Consumption of U.S. pork has remained steady for the past four decades, and it hasn’t seen the dramatic increase that chicken has in the past two decades. According to Chris Hurt, an agricultural economist at Purdue University, annual consumption of beef, chicken and pork per person totaled 84 pounds, 40 pounds and 56 pounds, respectively. By 2015, the total for each was 55 pounds, 90 pounds and 55 pounds, respectively.

Offering a “leaner” product has been one of the main marketing themes for the pork industry since it started using its “Pork, the Other White Meat” slogan in the early 1980s. Pork officials in Indiana and Illinois said they believe any increase in “fattier” pork will be slight. Producers, they said, will continue to raise the majority of hogs as they do now.

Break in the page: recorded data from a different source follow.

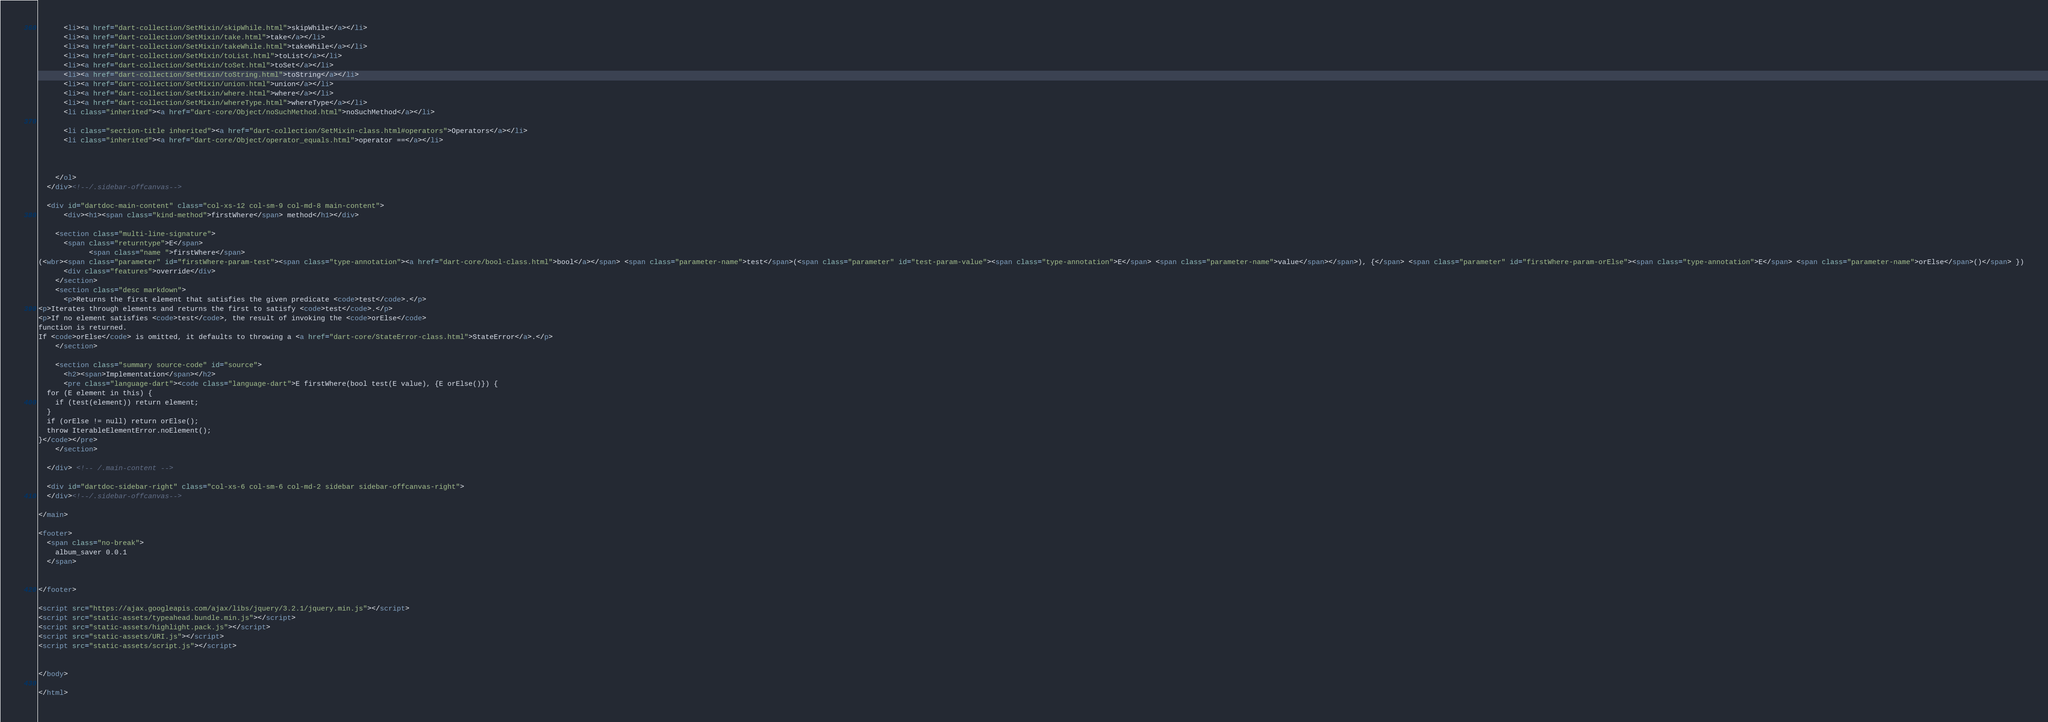Convert code to text. <code><loc_0><loc_0><loc_500><loc_500><_HTML_>      <li><a href="dart-collection/SetMixin/skipWhile.html">skipWhile</a></li>
      <li><a href="dart-collection/SetMixin/take.html">take</a></li>
      <li><a href="dart-collection/SetMixin/takeWhile.html">takeWhile</a></li>
      <li><a href="dart-collection/SetMixin/toList.html">toList</a></li>
      <li><a href="dart-collection/SetMixin/toSet.html">toSet</a></li>
      <li><a href="dart-collection/SetMixin/toString.html">toString</a></li>
      <li><a href="dart-collection/SetMixin/union.html">union</a></li>
      <li><a href="dart-collection/SetMixin/where.html">where</a></li>
      <li><a href="dart-collection/SetMixin/whereType.html">whereType</a></li>
      <li class="inherited"><a href="dart-core/Object/noSuchMethod.html">noSuchMethod</a></li>
    
      <li class="section-title inherited"><a href="dart-collection/SetMixin-class.html#operators">Operators</a></li>
      <li class="inherited"><a href="dart-core/Object/operator_equals.html">operator ==</a></li>
    
    
    
    </ol>
  </div><!--/.sidebar-offcanvas-->

  <div id="dartdoc-main-content" class="col-xs-12 col-sm-9 col-md-8 main-content">
      <div><h1><span class="kind-method">firstWhere</span> method</h1></div>

    <section class="multi-line-signature">
      <span class="returntype">E</span>
            <span class="name ">firstWhere</span>
(<wbr><span class="parameter" id="firstWhere-param-test"><span class="type-annotation"><a href="dart-core/bool-class.html">bool</a></span> <span class="parameter-name">test</span>(<span class="parameter" id="test-param-value"><span class="type-annotation">E</span> <span class="parameter-name">value</span></span>), {</span> <span class="parameter" id="firstWhere-param-orElse"><span class="type-annotation">E</span> <span class="parameter-name">orElse</span>()</span> })
      <div class="features">override</div>
    </section>
    <section class="desc markdown">
      <p>Returns the first element that satisfies the given predicate <code>test</code>.</p>
<p>Iterates through elements and returns the first to satisfy <code>test</code>.</p>
<p>If no element satisfies <code>test</code>, the result of invoking the <code>orElse</code>
function is returned.
If <code>orElse</code> is omitted, it defaults to throwing a <a href="dart-core/StateError-class.html">StateError</a>.</p>
    </section>
    
    <section class="summary source-code" id="source">
      <h2><span>Implementation</span></h2>
      <pre class="language-dart"><code class="language-dart">E firstWhere(bool test(E value), {E orElse()}) {
  for (E element in this) {
    if (test(element)) return element;
  }
  if (orElse != null) return orElse();
  throw IterableElementError.noElement();
}</code></pre>
    </section>

  </div> <!-- /.main-content -->

  <div id="dartdoc-sidebar-right" class="col-xs-6 col-sm-6 col-md-2 sidebar sidebar-offcanvas-right">
  </div><!--/.sidebar-offcanvas-->

</main>

<footer>
  <span class="no-break">
    album_saver 0.0.1
  </span>

  
</footer>

<script src="https://ajax.googleapis.com/ajax/libs/jquery/3.2.1/jquery.min.js"></script>
<script src="static-assets/typeahead.bundle.min.js"></script>
<script src="static-assets/highlight.pack.js"></script>
<script src="static-assets/URI.js"></script>
<script src="static-assets/script.js"></script>


</body>

</html>
</code>

Jeanette Merritt, director of checkoff programs for the Indiana Pork Producers, said, “We do have producers around the state raising ‘heritage breeds.’ But it’s not becoming the entire industry or the industry norm. Indiana pork producers are raising lean hogs to meet demands of consumers. For a few decades, consumers have been asking for lean pork that tastes good. Indiana pork producers feed a diet based in corn and soybean meal to ensure our animals are healthy and lean.”

Jenny Jackson, with the Illinois Pork Assoc., called it a “niche” movement that likely will not change the emphasis on raising leaning hogs that produce less fatty meat.